Sheikh Dahiru Usman OFR (29 June 1927 – 26 November 2025) was a Nigerian Islamic scholar. He was part of the Islamic Sufi group known as the Tijaniyyah and prominent in Nigeria.

== Early life ==
Sheikh Dahiru Bauchi was born in East Gombe at Northern Region, Nigeria. His parents were from Bauchi in East Gombe. His maternal roots are from Gombe. Dahiru Bauchi was born in the Hijri year 1346 (Gregorian calendar: 29 June 1927).

== Education ==
As a youth Dahiru Bauchi studied the Holy Qur’an under the tutelage of his father Alhaji Usman. Eventually he learned to recite the entire Qur’an from memory as could his father. He studied under scholars like Shaykh Tijani Usman Zangon-Bare-bari, Shaykh Abubakar Atiku and Shaykh Abdulqadir Zaria He received the Tijjaniyyah Tariqah.
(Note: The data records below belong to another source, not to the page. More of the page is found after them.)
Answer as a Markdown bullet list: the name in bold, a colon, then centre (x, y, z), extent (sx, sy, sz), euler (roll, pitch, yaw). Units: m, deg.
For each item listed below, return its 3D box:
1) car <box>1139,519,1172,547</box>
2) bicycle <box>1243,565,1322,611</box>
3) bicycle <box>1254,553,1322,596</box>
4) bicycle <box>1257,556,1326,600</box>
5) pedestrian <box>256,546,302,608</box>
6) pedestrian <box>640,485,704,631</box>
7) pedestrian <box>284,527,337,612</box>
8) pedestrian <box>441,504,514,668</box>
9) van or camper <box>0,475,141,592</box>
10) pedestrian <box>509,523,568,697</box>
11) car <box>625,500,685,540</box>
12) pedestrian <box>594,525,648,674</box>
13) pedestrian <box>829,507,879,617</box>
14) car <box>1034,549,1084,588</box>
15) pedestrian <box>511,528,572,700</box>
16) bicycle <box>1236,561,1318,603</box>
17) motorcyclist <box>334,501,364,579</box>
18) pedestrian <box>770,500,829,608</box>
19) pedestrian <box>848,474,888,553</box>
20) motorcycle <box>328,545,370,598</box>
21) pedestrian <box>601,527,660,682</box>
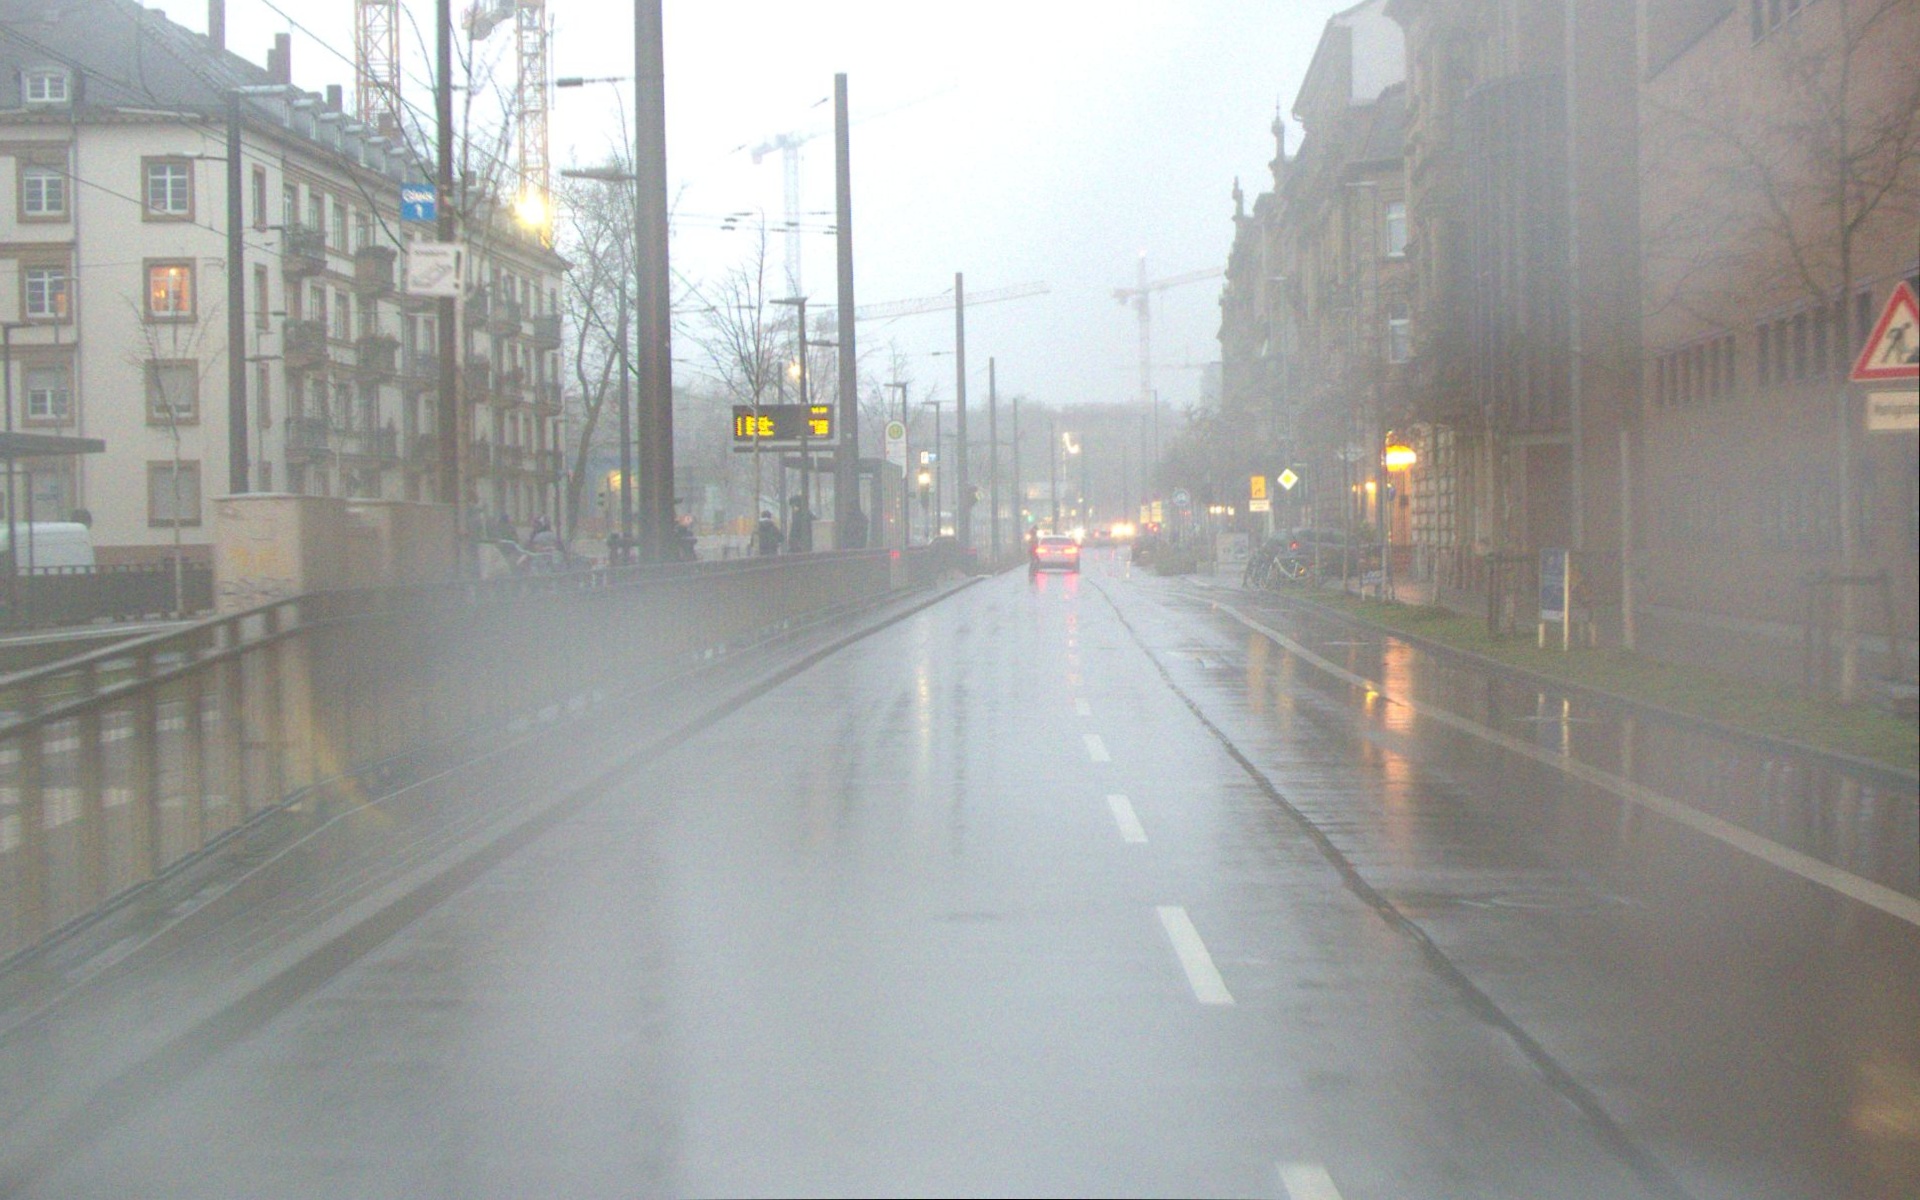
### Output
- **car**: centre (11.255, -3.851, 197.575), extent (1.799, 1.598, 3.769), euler (-1, 1, 5)
- **bicycle**: centre (8.561, -0.308, 91.291), extent (2.008, 1.091, 0.425), euler (-4, 1, 1)
- **bicycle**: centre (8.578, -0.674, 89.919), extent (1.730, 1.051, 0.371), euler (-2, 1, 1)
- **bicycle**: centre (8.624, -0.572, 89.417), extent (1.730, 1.051, 0.371), euler (-2, 1, 1)
- **pedestrian**: centre (-12.245, -0.410, 61.805), extent (0.607, 1.099, 0.591), euler (0, 1, -38)
- **pedestrian**: centre (-3.366, -0.493, 40.112), extent (0.645, 1.698, 0.568), euler (0, 1, -16)
- **pedestrian**: centre (-11.712, -0.547, 61.972), extent (0.634, 1.519, 0.756), euler (0, 1, -39)
- **pedestrian**: centre (-4.708, -0.141, 33.587), extent (0.618, 1.584, 0.622), euler (-1, 1, 0)
- **van or camper**: centre (-22.330, -1.610, 82.545), extent (2.774, 2.673, 6.752), euler (1, 1, 9)
- **pedestrian**: centre (-4.071, 0.091, 33.236), extent (0.481, 1.673, 0.563), euler (-1, 1, 0)
- **car**: centre (-10.478, -2.744, 118.418), extent (1.682, 1.349, 3.546), euler (0, 1, 1)
- **pedestrian**: centre (-3.885, -0.012, 39.447), extent (0.540, 1.686, 0.643), euler (-1, 1, 0)
- **pedestrian**: centre (-1.893, -0.682, 61.466), extent (0.809, 1.941, 0.804), euler (-1, 1, 3)
- **car**: centre (3.887, -1.254, 134.749), extent (1.784, 1.462, 3.148), euler (-1, 1, 4)
- **pedestrian**: centre (-3.899, 0.129, 32.047), extent (0.481, 1.584, 0.563), euler (-1, 1, 0)
- **bicycle**: centre (8.605, -0.501, 93.311), extent (2.144, 1.051, 0.484), euler (-2, 1, 1)
- **motorcyclist**: centre (-11.746, -1.152, 66.123), extent (0.499, 1.490, 0.556), euler (1, 1, -3)
- **pedestrian**: centre (-2.549, -0.735, 54.467), extent (0.776, 1.698, 0.773), euler (0, 1, -16)
- **pedestrian**: centre (-1.791, -1.679, 66.811), extent (0.679, 1.511, 0.619), euler (0, 1, -10)
- **motorcycle**: centre (-11.739, -0.554, 66.088), extent (0.512, 1.005, 1.807), euler (1, 1, -2)
- **pedestrian**: centre (-3.385, 0.041, 35.340), extent (0.540, 1.584, 0.563), euler (-1, 1, 0)

His father was a Tijani muqaddam (Imam), who was granted authorization (ijāzah) for tariqa. Dahiru Bauchi is deputy chair of the Fatwa Committee of the Supreme Council Of Islamic Affairs (NSCIA) in Nigeria.

Mosque of Shaykh Tahir Usman Bauchi

== Criticism ==
Bauchi was detained in 2009 in Saudi Arabia by Saudi security forces while performing his pilgrimage in Mecca. The cause of the arrest was the ongoing doctrinal dispute between three major Nigerian Islamic groups, Darika, Izala, and Shi'ah, that broke out during Ramadan of that year.

== Shi'a killings ==
Bauchi blamed the 2015 Zaria massacre on Nigerian authorities.

== Personal life and death ==
Bauchi had more than 80 children, and was married to the daughter of the renowned 20th-century Tijani scholar Sheikh Ibrahim Niasse. Sheikh Baba Laminu Niasse of Kaolack, Senegal, officiated the marriage in Ibrahim Niasse Mosque, Senegal.

Bauchi died peacefully in his home after a prolonged illness in the early hours of 26 November 2025, at the age of 98.